川島なお美や北斗晶の癌は福島原発が原因???

 

 最近、川島なお美や北斗晶の癌は、福島第一原発事故後に被災 地入りしていたり、福島県産の食品を食べたからというデマが飛び交っていて、そのようなサイトも数多くある。
 例として、『食べて応援、炊き出しボランティア、白目出血、易骨折 — 川島なお美さんの癌はまちがいなく被ばくによるものだ』なるサイトを見てみる

 >残念ながら彼女は、放射能汚染に関しては全く無知・無関心だったようで、原発事故直後の東北の農産物を積極的に食べて応援していたし、福島や岩手に行ってボランティア活動もしていた。
 >普段の食事でも、キノコや海産物を無頓着に食べている。

 事故直後から農産物や海産物はモニタリングされ、事故後は野菜類、穀類、等は500ベクレル/kg、乳製品・飲料水200ベクレル/kg、2011年4月1日から一般食品100ベクレル/kg、乳児用食品・牛乳50ベクレル/kg、飲料水10ベクレル/kgの基準が設定され、基準値を超える物は出荷できなかった。
 検査漏れや故意の検査のごまかしは無かったかとの主張もあるが、その頃は正規の検査だけで無く多くの市民団体が鵜の目鷹の目で独自の放射線のチェックをしていて、ごまかしはかなり困難だったと思われる。
 実際に、明治の粉ミルクから基準値以下だがセシウムが検出されたり、東京の世田谷でラジウムの上に30年以上寝ていた婆様が居た事が判ったのも市民団体の放射線チェックがきっかけだった。
 また、大手の小売業者は独自に検査を実施していて、基準値を超える食料が出回った可能性は皆無とは言わないが低いと思われる。

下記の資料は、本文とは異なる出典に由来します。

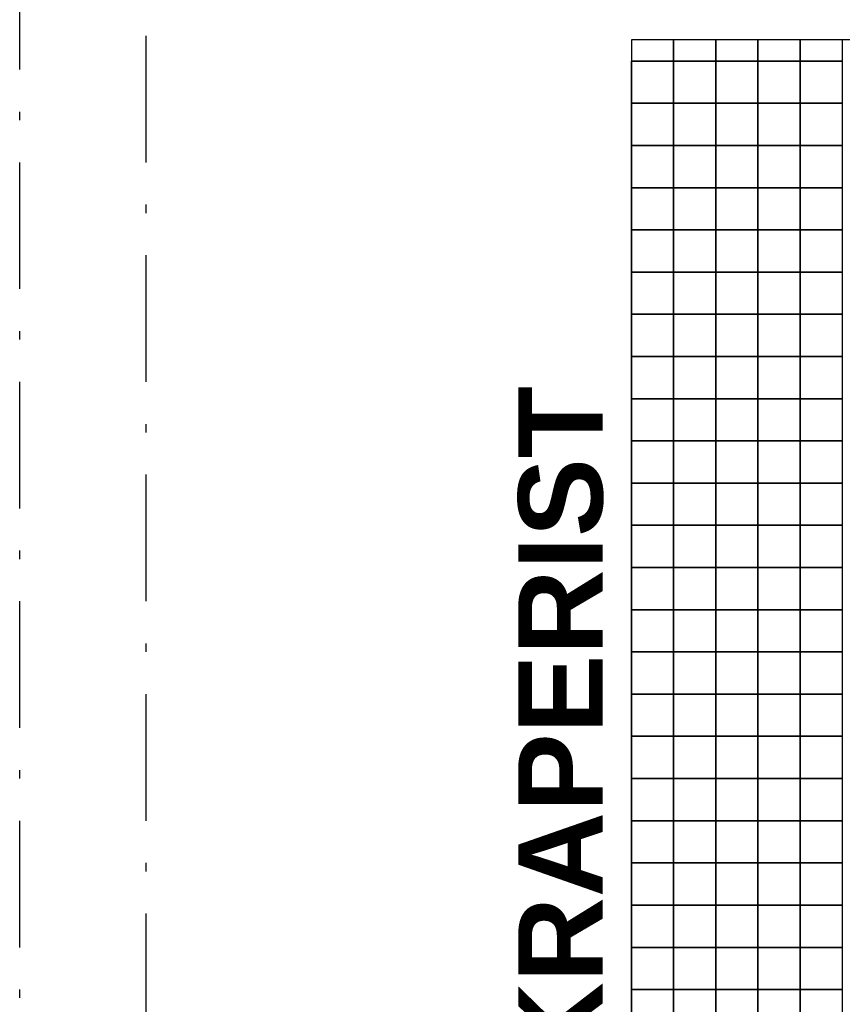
# Model space of a CAD drawing. Header units: millimetres. Extents: x 269 to 62306, y -15633 to 20300.
# Tile 10 of 90: x 12825 to 13800, y -1318 to -151. Entities that reach past the tile are written whole.
import ezdxf

# ---------------------------------------------------------------- set-up
doc = ezdxf.new("R2010")
doc.units = ezdxf.units.MM
doc.header["$LTSCALE"] = 0.5
doc.header["$MEASUREMENT"] = 0
doc.linetypes.add('Over snittplan', pattern=[520, 300, -100, 20, -100])
doc.linetypes.add('PLINE', pattern=[0])
for name, color, linetype in [('265- Gesimser_ takrenner og nedløp(Nye konstruksjoner)', 7, 'Continuous'), ('712- Drenering (Nye konstruksjoner)', 7, 'Continuous'), ('712- Drenering tekst(Nye konstruksjoner)', 7, 'Continuous')]:
    doc.layers.add(name, color=color, linetype=linetype)
doc.styles.add('GENERATED_STYLE_2', font='Arial Bold.ttf')

# ---------------------------------------------------------------- blocks, each defined once
blk = doc.blocks.new('*X186')
at = {"layer": '712- Drenering (Nye konstruksjoner)', "linetype": 'PLINE'}
for p, q in [((13600, -175), (13600, -200)), ((13600, -200), (13600, -175)), ((13650, -175), (13650, -200)), ((13650, -200), (13650, -175)), ((13700, -175), (13700, -200)), ((13700, -200), (13700, -175)), ((13750, -175), (13750, -200)), ((13750, -200), (13750, -175)), ((13800, -175), (13800, -200)), ((13550, -200), (13600, -200)), ((13600, -200), (13550, -200)), ((13550, -250), (13550, -200)), ((13600, -200), (13650, -200)), ((13600, -200), (13600, -250)), ((13650, -200), (13600, -200)), ((13600, -250), (13600, -200)), ((13650, -200), (13700, -200)), ((13650, -200), (13650, -250)), ((13700, -200), (13650, -200)), ((13650, -250), (13650, -200)), ((13700, -200), (13750, -200)), ((13700, -200), (13700, -250)), ((13750, -200), (13700, -200)), ((13700, -250), (13700, -200)), ((13750, -200), (13800, -200)), ((13750, -200), (13750, -250)), ((13800, -200), (13750, -200)), ((13750, -250), (13750, -200)), ((13800, -200), (13800, -250)), ((13550, -250), (13600, -250)), ((13600, -250), (13550, -250)), ((13550, -300), (13550, -250)), ((13600, -250), (13650, -250)), ((13600, -250), (13600, -300)), ((13650, -250), (13600, -250)), ((13600, -300), (13600, -250)), ((13650, -250), (13700, -250)), ((13650, -250), (13650, -300)), ((13700, -250), (13650, -250)), ((13650, -300), (13650, -250)), ((13700, -250), (13750, -250)), ((13700, -250), (13700, -300)), ((13750, -250), (13700, -250)), ((13700, -300), (13700, -250)), ((13750, -250), (13800, -250)), ((13750, -250), (13750, -300)), ((13800, -250), (13750, -250)), ((13750, -300), (13750, -250)), ((13800, -250), (13800, -300)), ((13550, -300), (13600, -300)), ((13600, -300), (13550, -300)), ((13550, -350), (13550, -300)), ((13600, -300), (13650, -300)), ((13600, -300), (13600, -350)), ((13650, -300), (13600, -300)), ((13600, -350), (13600, -300)), ((13650, -300), (13700, -300)), ((13650, -300), (13650, -350)), ((13700, -300), (13650, -300)), ((13650, -350), (13650, -300)), ((13700, -300), (13750, -300)), ((13700, -300), (13700, -350)), ((13750, -300), (13700, -300)), ((13700, -350), (13700, -300)), ((13750, -300), (13800, -300)), ((13750, -300), (13750, -350)), ((13800, -300), (13750, -300)), ((13750, -350), (13750, -300)), ((13800, -300), (13800, -350)), ((13550, -350), (13600, -350)), ((13600, -350), (13550, -350)), ((13550, -400), (13550, -350)), ((13600, -350), (13650, -350)), ((13600, -350), (13600, -400)), ((13650, -350), (13600, -350)), ((13600, -400), (13600, -350)), ((13650, -350), (13700, -350)), ((13650, -350), (13650, -400)), ((13700, -350), (13650, -350)), ((13650, -400), (13650, -350)), ((13700, -350), (13750, -350)), ((13700, -350), (13700, -400)), ((13750, -350), (13700, -350)), ((13700, -400), (13700, -350)), ((13750, -350), (13800, -350)), ((13750, -350), (13750, -400)), ((13800, -350), (13750, -350)), ((13750, -400), (13750, -350)), ((13800, -350), (13800, -400)), ((13550, -400), (13600, -400)), ((13600, -400), (13550, -400)), ((13550, -450), (13550, -400)), ((13600, -400), (13650, -400)), ((13600, -400), (13600, -450)), ((13650, -400), (13600, -400)), ((13600, -450), (13600, -400)), ((13650, -400), (13700, -400)), ((13650, -400), (13650, -450)), ((13700, -400), (13650, -400)), ((13650, -450), (13650, -400)), ((13700, -400), (13750, -400)), ((13700, -400), (13700, -450)), ((13750, -400), (13700, -400)), ((13700, -450), (13700, -400)), ((13750, -400), (13800, -400)), ((13750, -400), (13750, -450)), ((13800, -400), (13750, -400)), ((13750, -450), (13750, -400)), ((13800, -400), (13800, -450)), ((13550, -450), (13600, -450)), ((13600, -450), (13550, -450)), ((13550, -500), (13550, -450)), ((13600, -450), (13650, -450)), ((13600, -450), (13600, -500)), ((13650, -450), (13600, -450)), ((13600, -500), (13600, -450)), ((13650, -450), (13700, -450)), ((13650, -450), (13650, -500)), ((13700, -450), (13650, -450)), ((13650, -500), (13650, -450)), ((13700, -450), (13750, -450)), ((13700, -450), (13700, -500)), ((13750, -450), (13700, -450)), ((13700, -500), (13700, -450)), ((13750, -450), (13800, -450)), ((13750, -450), (13750, -500)), ((13800, -450), (13750, -450)), ((13750, -500), (13750, -450)), ((13800, -450), (13800, -500)), ((13550, -500), (13600, -500)), ((13600, -500), (13550, -500)), ((13550, -550), (13550, -500)), ((13600, -500), (13650, -500)), ((13600, -500), (13600, -550)), ((13650, -500), (13600, -500)), ((13600, -550), (13600, -500)), ((13650, -500), (13700, -500)), ((13650, -500), (13650, -550)), ((13700, -500), (13650, -500)), ((13650, -550), (13650, -500)), ((13700, -500), (13750, -500)), ((13700, -500), (13700, -550)), ((13750, -500), (13700, -500)), ((13700, -550), (13700, -500)), ((13750, -500), (13800, -500)), ((13750, -500), (13750, -550)), ((13800, -500), (13750, -500)), ((13750, -550), (13750, -500)), ((13800, -500), (13800, -550)), ((13550, -550), (13600, -550)), ((13600, -550), (13550, -550)), ((13550, -600), (13550, -550)), ((13600, -550), (13650, -550)), ((13600, -550), (13600, -600)), ((13650, -550), (13600, -550)), ((13600, -600), (13600, -550)), ((13650, -550), (13700, -550)), ((13650, -550), (13650, -600)), ((13700, -550), (13650, -550)), ((13650, -600), (13650, -550)), ((13700, -550), (13750, -550)), ((13700, -550), (13700, -600)), ((13750, -550), (13700, -550)), ((13700, -600), (13700, -550)), ((13750, -550), (13800, -550)), ((13750, -550), (13750, -600)), ((13800, -550), (13750, -550)), ((13750, -600), (13750, -550)), ((13800, -550), (13800, -600)), ((13550, -600), (13600, -600)), ((13600, -600), (13550, -600)), ((13550, -650), (13550, -600)), ((13600, -600), (13650, -600)), ((13600, -600), (13600, -650)), ((13650, -600), (13600, -600)), ((13600, -650), (13600, -600)), ((13650, -600), (13700, -600)), ((13650, -600), (13650, -650)), ((13700, -600), (13650, -600)), ((13650, -650), (13650, -600)), ((13700, -600), (13750, -600)), ((13700, -600), (13700, -650)), ((13750, -600), (13700, -600)), ((13700, -650), (13700, -600)), ((13750, -600), (13800, -600)), ((13750, -600), (13750, -650)), ((13800, -600), (13750, -600)), ((13750, -650), (13750, -600)), ((13800, -600), (13800, -650)), ((13550, -650), (13600, -650)), ((13600, -650), (13550, -650)), ((13550, -700), (13550, -650)), ((13600, -650), (13650, -650)), ((13600, -650), (13600, -700)), ((13650, -650), (13600, -650)), ((13600, -700), (13600, -650)), ((13650, -650), (13700, -650)), ((13650, -650), (13650, -700)), ((13700, -650), (13650, -650)), ((13650, -700), (13650, -650)), ((13700, -650), (13750, -650)), ((13700, -650), (13700, -700)), ((13750, -650), (13700, -650)), ((13700, -700), (13700, -650)), ((13750, -650), (13800, -650)), ((13750, -650), (13750, -700)), ((13800, -650), (13750, -650)), ((13750, -700), (13750, -650)), ((13800, -650), (13800, -700)), ((13550, -700), (13600, -700)), ((13600, -700), (13550, -700)), ((13550, -750), (13550, -700)), ((13600, -700), (13650, -700)), ((13600, -700), (13600, -750)), ((13650, -700), (13600, -700)), ((13600, -750), (13600, -700)), ((13650, -700), (13700, -700)), ((13650, -700), (13650, -750)), ((13700, -700), (13650, -700)), ((13650, -750), (13650, -700)), ((13700, -700), (13750, -700)), ((13700, -700), (13700, -750)), ((13750, -700), (13700, -700)), ((13700, -750), (13700, -700)), ((13750, -700), (13800, -700)), ((13750, -700), (13750, -750)), ((13800, -700), (13750, -700)), ((13750, -750), (13750, -700)), ((13800, -700), (13800, -750)), ((13550, -750), (13600, -750)), ((13600, -750), (13550, -750)), ((13550, -800), (13550, -750)), ((13600, -750), (13650, -750)), ((13600, -750), (13600, -800)), ((13650, -750), (13600, -750)), ((13600, -800), (13600, -750)), ((13650, -750), (13700, -750)), ((13650, -750), (13650, -800)), ((13700, -750), (13650, -750)), ((13650, -800), (13650, -750)), ((13700, -750), (13750, -750)), ((13700, -750), (13700, -800)), ((13750, -750), (13700, -750)), ((13700, -800), (13700, -750)), ((13750, -750), (13800, -750)), ((13750, -750), (13750, -800)), ((13800, -750), (13750, -750)), ((13750, -800), (13750, -750)), ((13800, -750), (13800, -800)), ((13550, -800), (13600, -800)), ((13600, -800), (13550, -800)), ((13550, -850), (13550, -800)), ((13600, -800), (13650, -800)), ((13600, -800), (13600, -850)), ((13650, -800), (13600, -800)), ((13600, -850), (13600, -800)), ((13650, -800), (13700, -800)), ((13650, -800), (13650, -850)), ((13700, -800), (13650, -800)), ((13650, -850), (13650, -800)), ((13700, -800), (13750, -800)), ((13700, -800), (13700, -850)), ((13750, -800), (13700, -800)), ((13700, -850), (13700, -800)), ((13750, -800), (13800, -800)), ((13750, -800), (13750, -850)), ((13800, -800), (13750, -800)), ((13750, -850), (13750, -800)), ((13800, -800), (13800, -850)), ((13550, -850), (13600, -850)), ((13600, -850), (13550, -850)), ((13550, -900), (13550, -850)), ((13600, -850), (13650, -850)), ((13600, -850), (13600, -900)), ((13650, -850), (13600, -850)), ((13600, -900), (13600, -850)), ((13650, -850), (13700, -850)), ((13650, -850), (13650, -900)), ((13700, -850), (13650, -850)), ((13650, -900), (13650, -850)), ((13700, -850), (13750, -850)), ((13700, -850), (13700, -900)), ((13750, -850), (13700, -850)), ((13700, -900), (13700, -850)), ((13750, -850), (13800, -850)), ((13750, -850), (13750, -900)), ((13800, -850), (13750, -850)), ((13750, -900), (13750, -850)), ((13800, -850), (13800, -900)), ((13550, -900), (13600, -900)), ((13600, -900), (13550, -900)), ((13550, -950), (13550, -900)), ((13600, -900), (13650, -900)), ((13600, -900), (13600, -950)), ((13650, -900), (13600, -900)), ((13600, -950), (13600, -900)), ((13650, -900), (13700, -900)), ((13650, -900), (13650, -950)), ((13700, -900), (13650, -900)), ((13650, -950), (13650, -900)), ((13700, -900), (13750, -900)), ((13700, -900), (13700, -950)), ((13750, -900), (13700, -900)), ((13700, -950), (13700, -900)), ((13750, -900), (13800, -900)), ((13750, -900), (13750, -950)), ((13800, -900), (13750, -900)), ((13750, -950), (13750, -900)), ((13800, -900), (13800, -950)), ((13550, -950), (13600, -950)), ((13600, -950), (13550, -950)), ((13550, -1000), (13550, -950)), ((13600, -950), (13650, -950)), ((13600, -950), (13600, -1000)), ((13650, -950), (13600, -950)), ((13600, -1000), (13600, -950)), ((13650, -950), (13700, -950)), ((13650, -950), (13650, -1000)), ((13700, -950), (13650, -950)), ((13650, -1000), (13650, -950)), ((13700, -950), (13750, -950)), ((13700, -950), (13700, -1000)), ((13750, -950), (13700, -950)), ((13700, -1000), (13700, -950)), ((13750, -950), (13800, -950)), ((13750, -950), (13750, -1000)), ((13800, -950), (13750, -950)), ((13750, -1000), (13750, -950)), ((13800, -950), (13800, -1000)), ((13550, -1000), (13600, -1000)), ((13600, -1000), (13550, -1000)), ((13550, -1050), (13550, -1000)), ((13600, -1000), (13650, -1000)), ((13600, -1000), (13600, -1050)), ((13650, -1000), (13600, -1000)), ((13600, -1050), (13600, -1000)), ((13650, -1000), (13700, -1000)), ((13650, -1000), (13650, -1050)), ((13700, -1000), (13650, -1000)), ((13650, -1050), (13650, -1000)), ((13700, -1000), (13750, -1000)), ((13700, -1000), (13700, -1050)), ((13750, -1000), (13700, -1000)), ((13700, -1050), (13700, -1000)), ((13750, -1000), (13800, -1000)), ((13750, -1000), (13750, -1050)), ((13800, -1000), (13750, -1000)), ((13750, -1050), (13750, -1000)), ((13800, -1000), (13800, -1050)), ((13550, -1050), (13600, -1050)), ((13600, -1050), (13550, -1050)), ((13550, -1100), (13550, -1050)), ((13600, -1050), (13650, -1050)), ((13600, -1050), (13600, -1100)), ((13650, -1050), (13600, -1050)), ((13600, -1100), (13600, -1050)), ((13650, -1050), (13700, -1050)), ((13650, -1050), (13650, -1100)), ((13700, -1050), (13650, -1050)), ((13650, -1100), (13650, -1050)), ((13700, -1050), (13750, -1050)), ((13700, -1050), (13700, -1100)), ((13750, -1050), (13700, -1050)), ((13700, -1100), (13700, -1050)), ((13750, -1050), (13800, -1050)), ((13750, -1050), (13750, -1100)), ((13800, -1050), (13750, -1050)), ((13750, -1100), (13750, -1050)), ((13800, -1050), (13800, -1100)), ((13550, -1100), (13600, -1100)), ((13600, -1100), (13550, -1100)), ((13550, -1150), (13550, -1100)), ((13600, -1100), (13650, -1100)), ((13600, -1100), (13600, -1150)), ((13650, -1100), (13600, -1100)), ((13600, -1150), (13600, -1100)), ((13650, -1100), (13700, -1100)), ((13650, -1100), (13650, -1150)), ((13700, -1100), (13650, -1100)), ((13650, -1150), (13650, -1100)), ((13700, -1100), (13750, -1100)), ((13700, -1100), (13700, -1150)), ((13750, -1100), (13700, -1100)), ((13700, -1150), (13700, -1100)), ((13750, -1100), (13800, -1100)), ((13750, -1100), (13750, -1150)), ((13800, -1100), (13750, -1100)), ((13750, -1150), (13750, -1100)), ((13800, -1100), (13800, -1150)), ((13550, -1150), (13600, -1150)), ((13600, -1150), (13550, -1150)), ((13550, -1200), (13550, -1150)), ((13600, -1150), (13650, -1150)), ((13600, -1150), (13600, -1200)), ((13650, -1150), (13600, -1150)), ((13600, -1200), (13600, -1150)), ((13650, -1150), (13700, -1150)), ((13650, -1150), (13650, -1200)), ((13700, -1150), (13650, -1150)), ((13650, -1200), (13650, -1150)), ((13700, -1150), (13750, -1150)), ((13700, -1150), (13700, -1200)), ((13750, -1150), (13700, -1150)), ((13700, -1200), (13700, -1150)), ((13750, -1150), (13800, -1150)), ((13750, -1150), (13750, -1200)), ((13800, -1150), (13750, -1150)), ((13750, -1200), (13750, -1150)), ((13800, -1150), (13800, -1200)), ((13550, -1200), (13600, -1200)), ((13600, -1200), (13550, -1200)), ((13550, -1250), (13550, -1200)), ((13600, -1200), (13650, -1200)), ((13600, -1200), (13600, -1250)), ((13650, -1200), (13600, -1200)), ((13600, -1250), (13600, -1200)), ((13650, -1200), (13700, -1200)), ((13650, -1200), (13650, -1250)), ((13700, -1200), (13650, -1200)), ((13650, -1250), (13650, -1200)), ((13700, -1200), (13750, -1200)), ((13700, -1200), (13700, -1250)), ((13750, -1200), (13700, -1200)), ((13700, -1250), (13700, -1200)), ((13750, -1200), (13800, -1200)), ((13750, -1200), (13750, -1250)), ((13800, -1200), (13750, -1200)), ((13750, -1250), (13750, -1200)), ((13800, -1200), (13800, -1250)), ((13550, -1250), (13600, -1250)), ((13600, -1250), (13550, -1250)), ((13550, -1300), (13550, -1250)), ((13600, -1250), (13650, -1250)), ((13600, -1250), (13600, -1300)), ((13650, -1250), (13600, -1250)), ((13600, -1300), (13600, -1250)), ((13650, -1250), (13700, -1250)), ((13650, -1250), (13650, -1300)), ((13700, -1250), (13650, -1250)), ((13650, -1300), (13650, -1250)), ((13700, -1250), (13750, -1250)), ((13700, -1250), (13700, -1300)), ((13750, -1250), (13700, -1250)), ((13700, -1300), (13700, -1250)), ((13750, -1250), (13800, -1250)), ((13750, -1250), (13750, -1300)), ((13800, -1250), (13750, -1250)), ((13750, -1300), (13750, -1250)), ((13800, -1250), (13800, -1300)), ((13550, -1300), (13600, -1300)), ((13600, -1300), (13550, -1300)), ((13550, -1350), (13550, -1300)), ((13600, -1300), (13650, -1300)), ((13600, -1300), (13600, -1350)), ((13650, -1300), (13600, -1300)), ((13600, -1350), (13600, -1300)), ((13650, -1300), (13700, -1300)), ((13650, -1300), (13650, -1350)), ((13700, -1300), (13650, -1300)), ((13650, -1350), (13650, -1300)), ((13700, -1300), (13750, -1300)), ((13700, -1300), (13700, -1350)), ((13750, -1300), (13700, -1300)), ((13700, -1350), (13700, -1300)), ((13750, -1300), (13800, -1300)), ((13750, -1300), (13750, -1350)), ((13800, -1300), (13750, -1300)), ((13750, -1350), (13750, -1300)), ((13800, -1300), (13800, -1350))]:
    blk.add_line(p, q, dxfattribs=at)

msp = doc.modelspace()

# ---------------------------------------------------------------- linework, layer by layer
at = {"layer": '265- Gesimser_ takrenner og nedløp(Nye konstruksjoner)', "linetype": 'Over snittplan'}
for p, q in [((12825, -3850), (12825, 0)), ((12975, -3700), (12975, 0))]:
    msp.add_line(p, q, dxfattribs=at)
at = {"layer": '712- Drenering (Nye konstruksjoner)', "linetype": 'PLINE', "flags": 128}
msp.add_lwpolyline([(15050, -175), (13550, -175), (13550, -2175), (15050, -2175)], close=True, dxfattribs=at)

# ---------------------------------------------------------------- block references
at = {"layer": '712- Drenering (Nye konstruksjoner)', "linetype": 'PLINE'}
msp.add_blockref('*X186', (0, 0), dxfattribs=at)

# ---------------------------------------------------------------- texts
at = {"layer": '712- Drenering tekst(Nye konstruksjoner)', "linetype": 'Continuous', "insert": (13466.6, -1175), "char_height": 100, "attachment_point": 5, "rotation": 90, "style": 'GENERATED_STYLE_2'}
msp.add_mtext('\\A1;{\\pqc;\\fArial|b1|i0|c0|p0;\\W1.000000;FOTSKRAPERIST}', dxfattribs=at)

doc.saveas('drawing.dxf')

>さらに、彼女は2012年にアバラ骨を易骨折、2013年には白目を出血している。
>これは内部被ばくをしている決定的な証拠である。
どの様な根拠があって決定的な証拠と断言しているのだろうか?

>前者は、骨の中にカルシウムと間違われて取り込まれたストロンチウム90によるもの。
ポール・ダンス練習中にポールにアバラ骨をぶつけて骨折 「告白」 (2012/5/25)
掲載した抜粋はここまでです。